Other Considerations

  • If the application being load balanced does not allow sharing session state between the servers, a persistence timeout is likely required. This forces any traffic from a given source IP address to be sent to the same server until there has been more idle time from that IP than the configured timeout (in seconds). This configuration goes in the virtual_server configuration in /etc/keepalived/conf.d/fwm-100.conf
    virtual_server fwmark 100 {
            delay_loop 30
            lb_algo wlc
            lb_kind DR
            protocol TCP
            persistence_timeout 3600
    [...snip...]
    
  • If your web servers are making use of name-based virtual hosts, and separate load balancer groups are required for each site, a virtualhost entry needs to be configured so that the test page is being processed by the correct site. This also goes in the virtual_server configuration in /etc/keepalived/conf.d/fwm-100.conf
    virtual_server fwmark 100 {
            delay_loop 30
            lb_algo wlc
            lb_kind DR
            protocol TCP
            virtualhost www.example.com
    [...snip...]
    
  • A "sorry server" can be configured to handle traffic in the event that all web servers are failing the health test.
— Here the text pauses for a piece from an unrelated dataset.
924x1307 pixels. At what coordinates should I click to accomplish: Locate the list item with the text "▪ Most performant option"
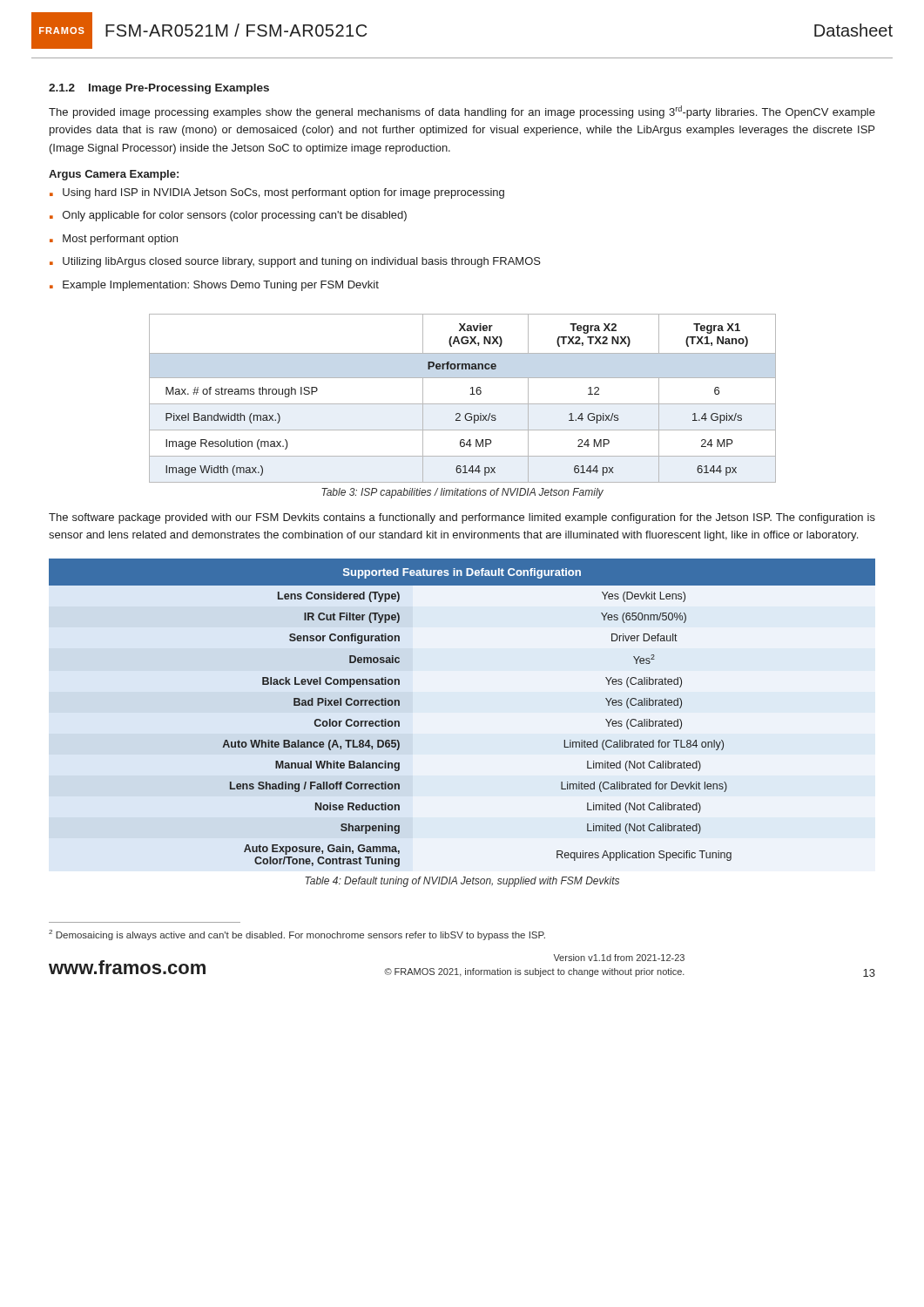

This server should have a similar network configuration as the real web servers, and should return some simple "sorry" page for any URL it receives. This configuration also goes in the virtual_server configuration in /etc/keepalived/conf.d/fwm-100.conf
    virtual_server fwmark 100 {
            delay_loop 30
            lb_algo wlc
            lb_kind DR
            protocol TCP
            sorry_server 192.168.1.30 0
    [...snip...]
    

    This sorry server functionality can be handled by the LVS servers themselves, as long as the content served is extremely lightweight. To do so, bind the load balancer IP to the loopback and suppress ARP just like on web1 and web2. Then, set the sorry server to

    sorry_server 127.0.0.1 0
  • Any changes to the ferm or keepalived configuration need to be propagated to both servers. The only difference should be the router_id in /etc/keepalived/keepalived.conf. A simple script should be enough to keep these in sync, just be sure to reload both services after any change.